In this study, we show that the uncorrected DCE-MRI parameters Ktrans and ve were significantly underestimated, which is in line with previous studies (19, 21). Zhang et al. reported median percent errors of larger than 20% for both Ktrans and ve at 7 T (19), which is slightly larger than what we saw in our study. Heilmann et al. also reported a significant underestimation of Ktrans and slight underestimation of ve at 4.7 T (for R2* correction of both AIF and concentration–time curve) (21). The greater the Ktrans or ve and vp, the greater was their underestimation without R2* correction. Our results also confirm the findings of Zhang et al. that the error without R2* correction increased for greater parameter values (19). Similar to our study, the errors were particularly high for high Ktrans values, which suggests that R2* correction is particularly important for tissues with high Ktrans. Importantly, we found that the relationship between corrected and uncorrected DCE-MRI parameters was not linear, especially in Ktrans in the TOV-21G tumors. The disproportionately large errors in regions of high Ktrans can lead to underestimation of tumor heterogeneity (Figure 6A), which is an important, clinically relevant prognostic factor (33). In less perfused tissue such as muscle, R2* correction plays a less important role.

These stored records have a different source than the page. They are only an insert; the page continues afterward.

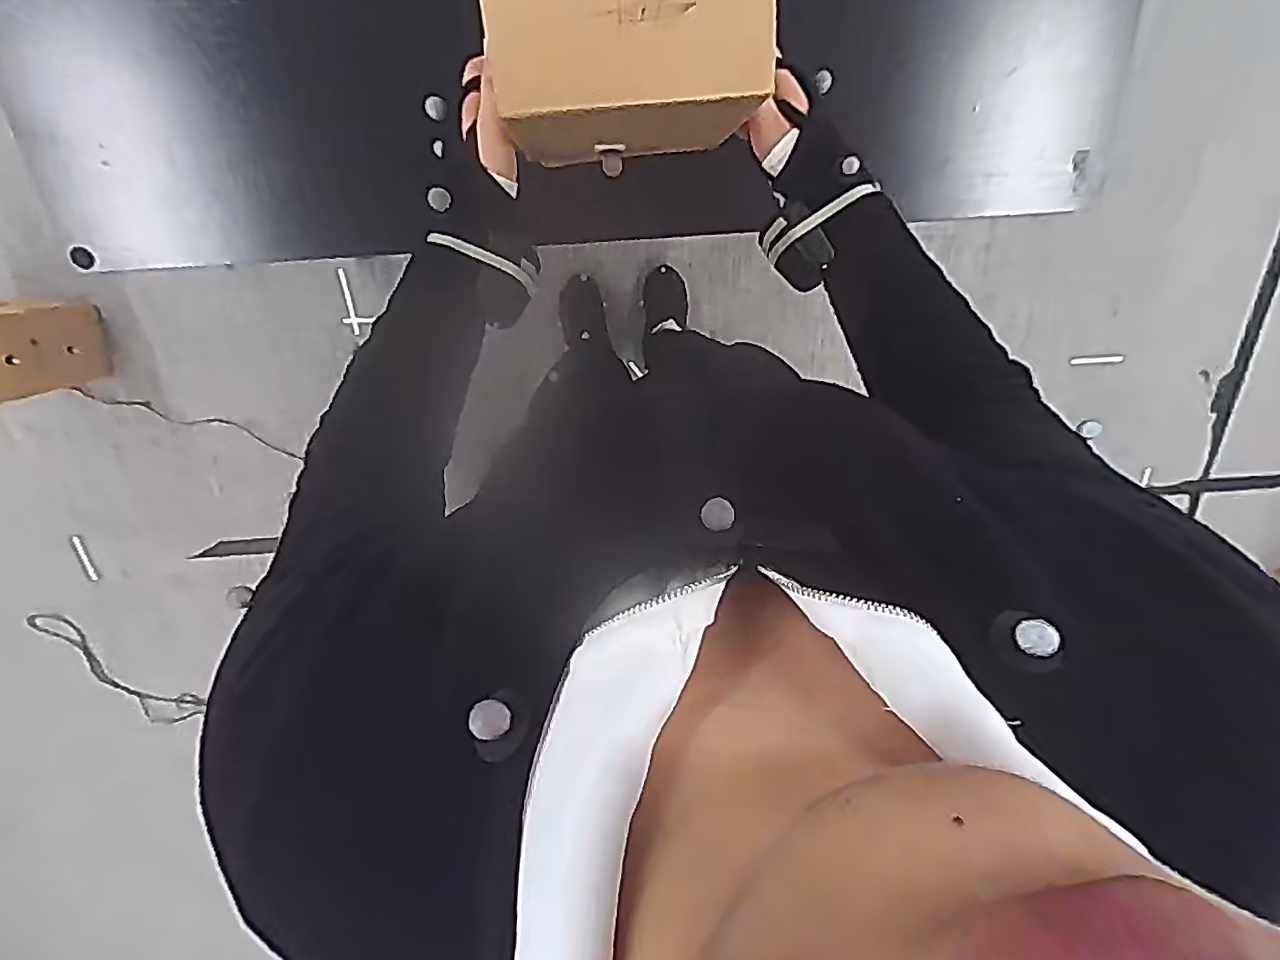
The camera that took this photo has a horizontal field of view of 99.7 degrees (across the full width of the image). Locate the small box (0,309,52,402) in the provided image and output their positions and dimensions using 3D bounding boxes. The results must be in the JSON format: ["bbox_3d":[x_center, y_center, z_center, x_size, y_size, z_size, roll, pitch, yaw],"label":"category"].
[{"bbox_3d":[-1.333,-0.247,1.065,0.179,0.176,0.168,1,111,-5],"label":"small box"}]

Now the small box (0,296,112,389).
[{"bbox_3d":[-1.357,-0.313,1.214,0.168,0.176,0.179,4,112,-6],"label":"small box"}]

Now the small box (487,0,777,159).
[{"bbox_3d":[-0.013,-0.334,0.361,0.168,0.176,0.179,-6,113,-1],"label":"small box"}]

In cancer treatment, response to chemotherapy and antivascular therapies is often associated with a decrease in Ktrans from baseline (34, 35). An important finding in our study was that the therapeutic effect can be underestimated when non-R2*-corrected DCE-MRI parameters are used for treatment monitoring. Underestimation of treatment effect will be particularly large for tumors or tumor regions with high Ktrans. This is significant because a previous study conducted at 1.5 T has shown that changes of around 44% for Ktrans and 41% for ve may be necessary to indicate a treatment effect due to a relatively high uncertainly of Ktrans in repeatability measurements (36). At higher field strengths, R2* enhancement may further increase uncertainty in DCE-MRI measurements, and correcting for it would improve their reliability as biomarkers of treatment response.

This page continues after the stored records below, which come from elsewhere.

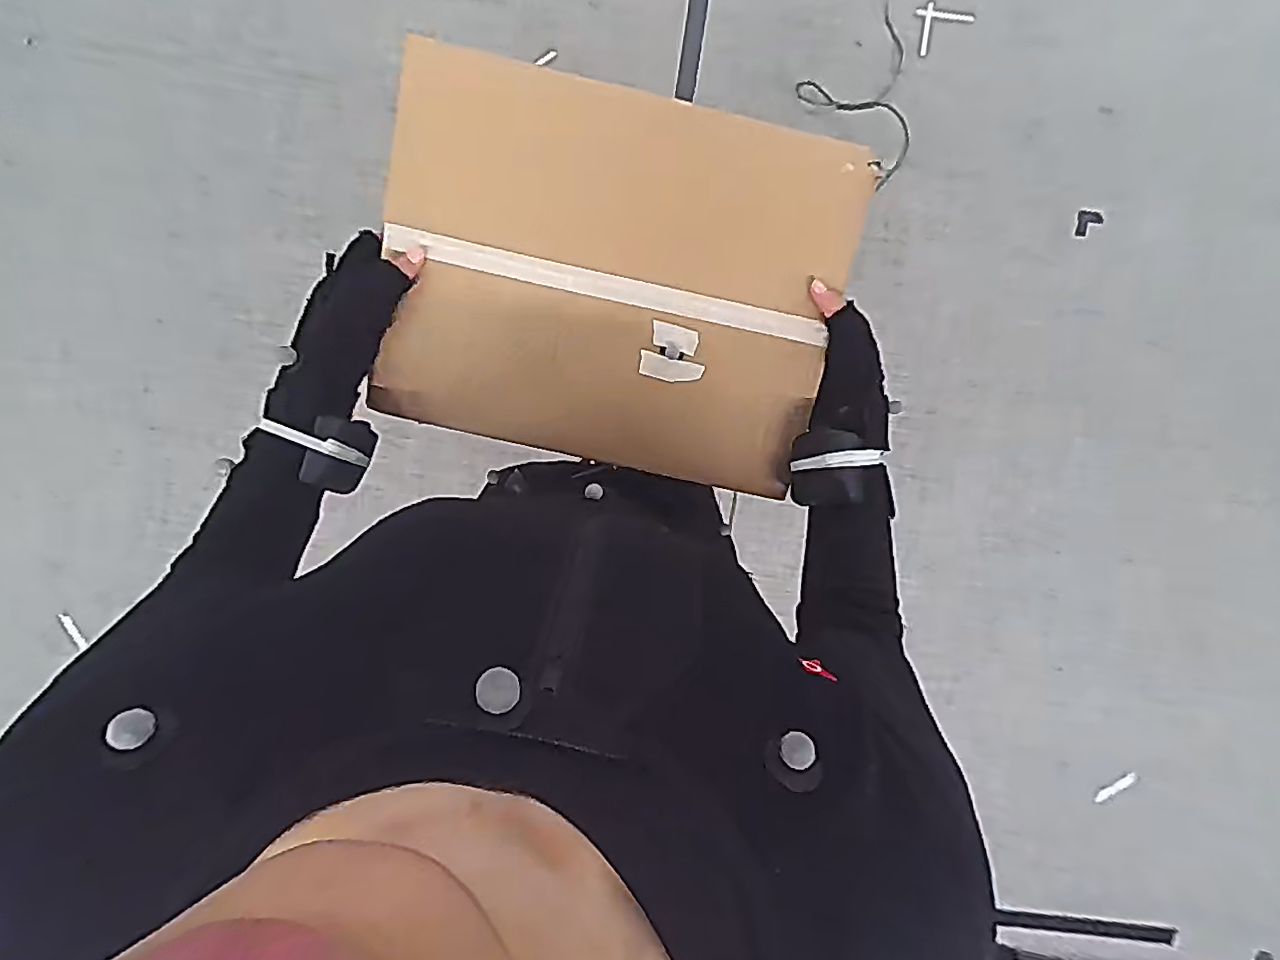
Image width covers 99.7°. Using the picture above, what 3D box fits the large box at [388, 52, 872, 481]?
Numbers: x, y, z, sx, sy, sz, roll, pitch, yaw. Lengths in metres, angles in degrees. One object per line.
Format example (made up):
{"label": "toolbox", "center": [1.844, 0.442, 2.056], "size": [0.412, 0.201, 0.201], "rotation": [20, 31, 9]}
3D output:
{"label": "large box", "center": [-0.022, -0.212, 0.640], "size": [0.408, 0.320, 0.320], "rotation": [12, 103, -3]}

A limitation of this study was the use of a population-averaged AIF from the literature. While individual AIFs might provide more accurate DCE-MRI results, they are challenging to acquire, and it has been shown that there is a high correlation between DCE-MRI parameters derived using individual and population-based AIFs (37). Previous studies have shown that it is important to perform R2* correction on the AIFs, as noncorrected AIFs have been shown to overestimate Ktrans (17–19). Hence, the use of R2*-corrected AIFs may have diminished the underestimation of Ktrans reported here (19). In contrast, the AIF obtained in our study was derived from 2 studies that measured plasma Gd concentrations with MRI at 2.35 T (28) and with mass spectrometry (13) and was thus less affected by R2* relaxation.

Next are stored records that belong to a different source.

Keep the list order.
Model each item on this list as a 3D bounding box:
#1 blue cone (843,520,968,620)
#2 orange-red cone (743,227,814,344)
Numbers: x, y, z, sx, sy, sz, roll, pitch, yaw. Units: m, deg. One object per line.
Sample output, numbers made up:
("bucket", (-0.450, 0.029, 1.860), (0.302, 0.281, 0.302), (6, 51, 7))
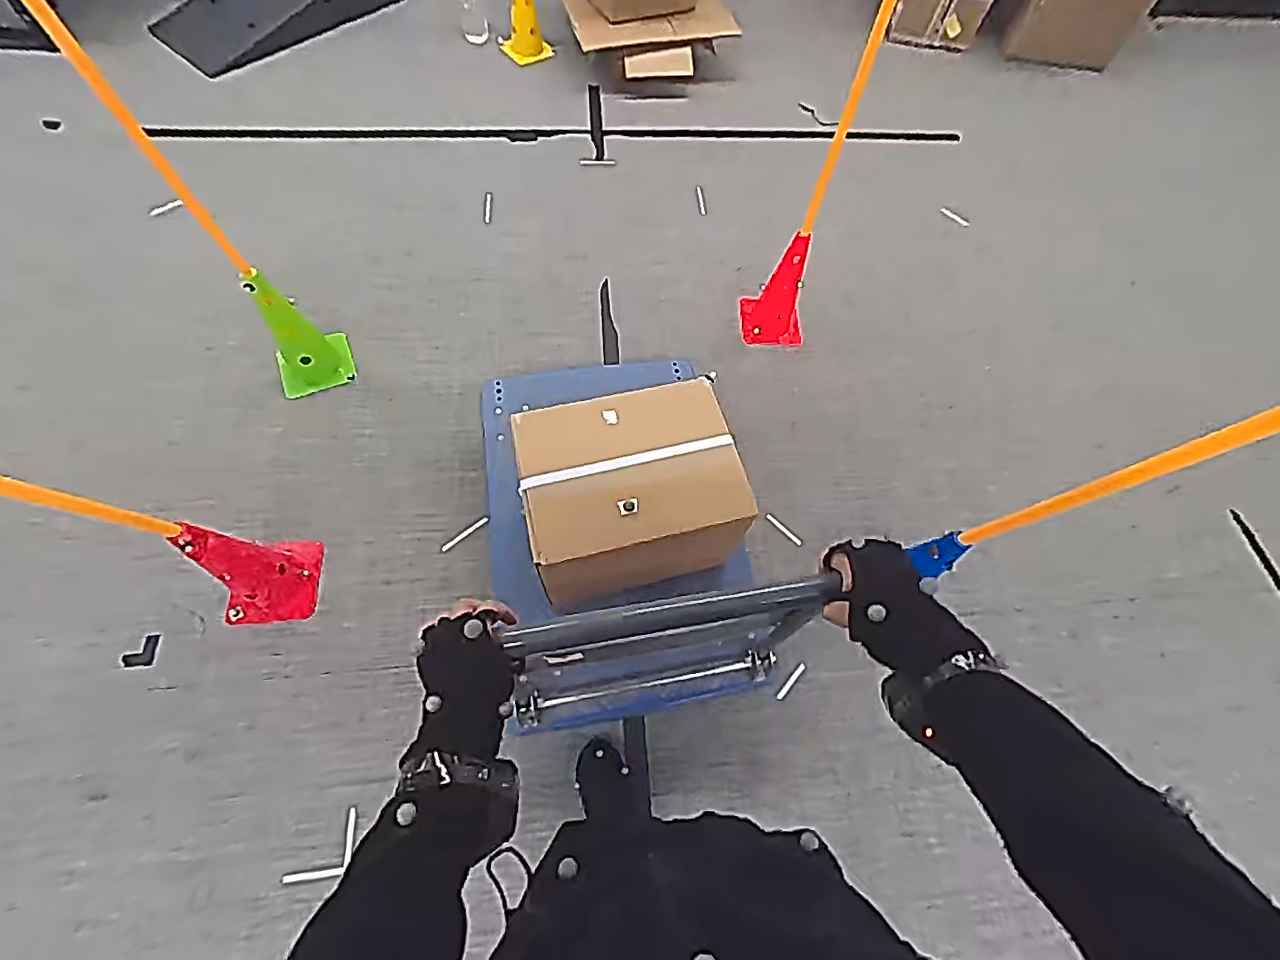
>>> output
("blue cone", (0.658, 0.195, 1.285), (0.193, 0.380, 0.192), (-6, 63, -8))
("orange-red cone", (0.455, -0.613, 1.654), (0.199, 0.360, 0.198), (4, 64, -4))
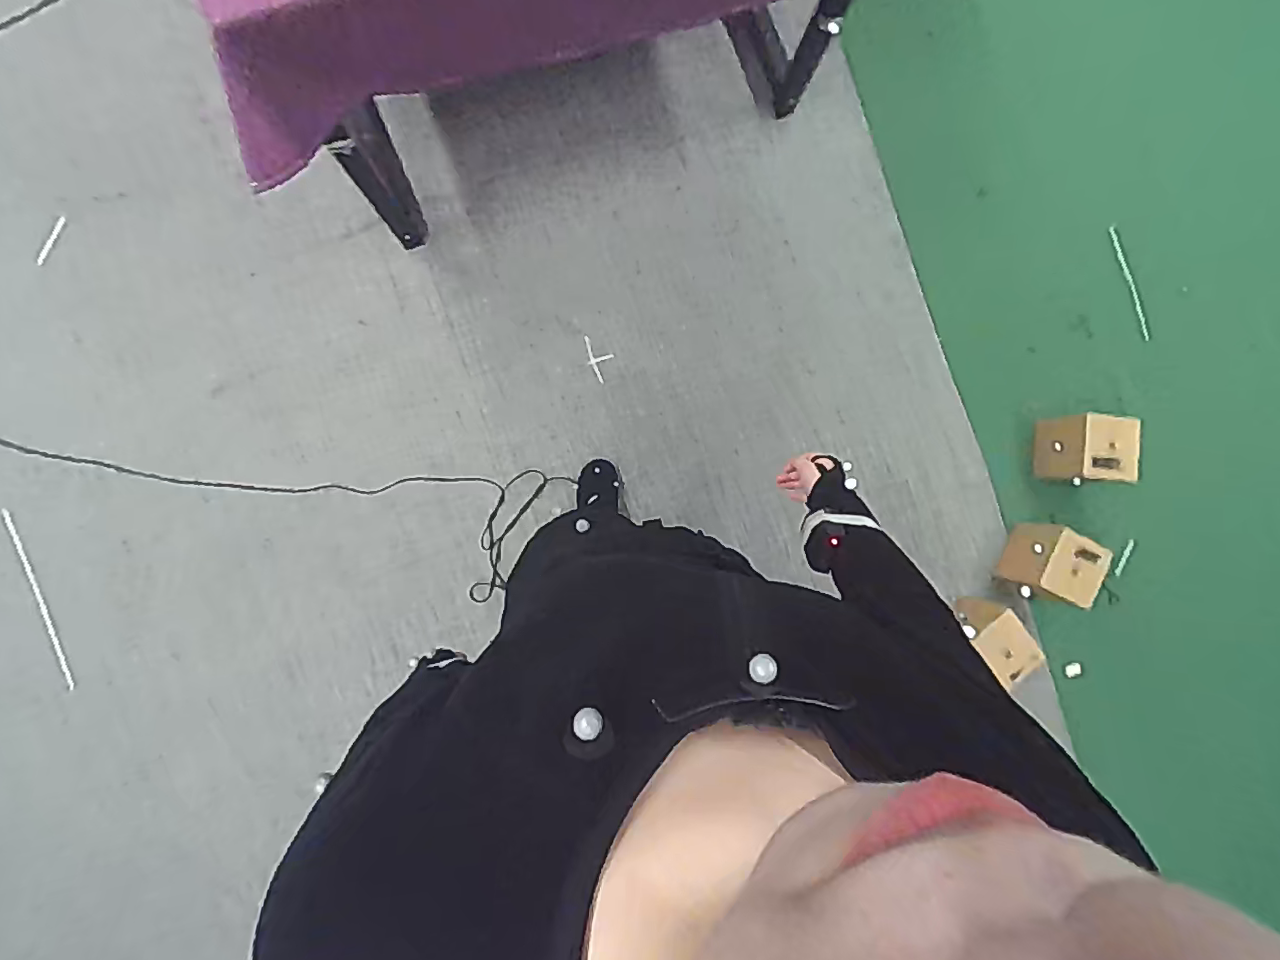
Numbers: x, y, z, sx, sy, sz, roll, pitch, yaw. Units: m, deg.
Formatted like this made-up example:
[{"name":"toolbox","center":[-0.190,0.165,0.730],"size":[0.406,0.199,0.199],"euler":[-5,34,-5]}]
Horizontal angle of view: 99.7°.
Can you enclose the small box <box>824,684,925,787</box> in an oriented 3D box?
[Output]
[{"name":"small box","center":[0.622,0.684,1.466],"size":[0.179,0.176,0.168],"euler":[-21,91,-5]}]

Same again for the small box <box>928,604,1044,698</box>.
[{"name":"small box","center":[0.952,0.464,1.504],"size":[0.168,0.176,0.179],"euler":[-37,92,-5]}]

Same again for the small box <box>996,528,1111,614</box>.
[{"name":"small box","center":[1.158,0.248,1.529],"size":[0.168,0.176,0.179],"euler":[27,87,-5]}]

In conclusion, we showed that the R2* enhancement in DCE-MRI is both time- and tissue-dependent. Furthermore, our results suggest that R2* enhancement may significantly impact pharmacokinetic analysis. As expected, acquiring more echoes allows more accurate and precise measurement of R2*, but the trade-off between better R2* estimation and higher temporal resolution should be considered. In particular in tissue with high Ktrans, R2* correction should be performed to avoid underestimation. This has consequences for the use of Ktrans and other DCE-MRI parameters as biomarkers in cancer diagnosis, because underestimation of Ktrans can mislead prognosis and evaluation of treatment response if R2* enhancement is neglected.